I'm certainly not saying we can't have lofty goals and work hard to get there, but it helps me to set Reasonable Goals that I can attain in a Relatively Short amount of time in order to stay focused and motivated.  I focus on shorter term goals which end up being steps along the way to the more substantial long-term goals.
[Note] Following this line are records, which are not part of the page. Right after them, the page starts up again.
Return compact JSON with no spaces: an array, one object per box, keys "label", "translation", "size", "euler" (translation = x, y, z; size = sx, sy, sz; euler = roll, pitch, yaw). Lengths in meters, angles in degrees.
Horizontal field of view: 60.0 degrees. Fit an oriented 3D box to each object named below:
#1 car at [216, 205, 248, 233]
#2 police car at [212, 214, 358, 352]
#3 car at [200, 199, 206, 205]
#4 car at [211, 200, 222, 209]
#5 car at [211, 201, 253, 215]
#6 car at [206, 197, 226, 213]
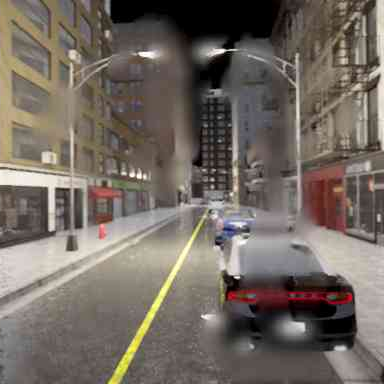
[{"label":"car","translation":[2.571,1.704,22.506],"size":[1.882,1.535,5.008],"euler":[-1,-1,4]},{"label":"police car","translation":[1.443,1.486,6.658],"size":[1.930,1.638,5.238],"euler":[-1,-1,4]},{"label":"car","translation":[2.964,2.373,78.409],"size":[1.837,1.490,4.892],"euler":[-1,-1,4]},{"label":"car","translation":[4.346,2.149,59.068],"size":[1.812,1.442,4.674],"euler":[-1,-1,4]},{"label":"car","translation":[2.141,1.514,16.494],"size":[2.097,1.767,4.553],"euler":[-1,-1,4]},{"label":"car","translation":[3.328,1.686,44.309],"size":[2.150,2.045,5.566],"euler":[-1,-1,4]}]

At the present time, I can't quite wrap my mind around 13 miles when I'm only jogging 2, but I can wrap my mind around the goal of 5 for now, and maybe 10 when I hit 5, and so on.  I've run a half before and I will do it again!  

Feel free to share your goals with me!

Weekly Workout Update:
Running - 6 miles
Walking - 1 mile
Bootcamp - 1 hour 50 minutes
Aqua Aerobics - 30 minutes

It doesn't sound like much but it totals 227 minutes (or 3 hours and 47 minutes of working out).  That's not a bad start for week 1.

My goals for the upcoming week are:
Increase the distance of each run to something over 2 miles - maybe 2.5 miles per run.
Increase time spent strength training - I hope to get close to 3 hours on weights/bootcamp instead of just 2.  The longer my runs get, the more I tend to lose sight of strength-training goals...I'm hoping to avoid that while training for the next half.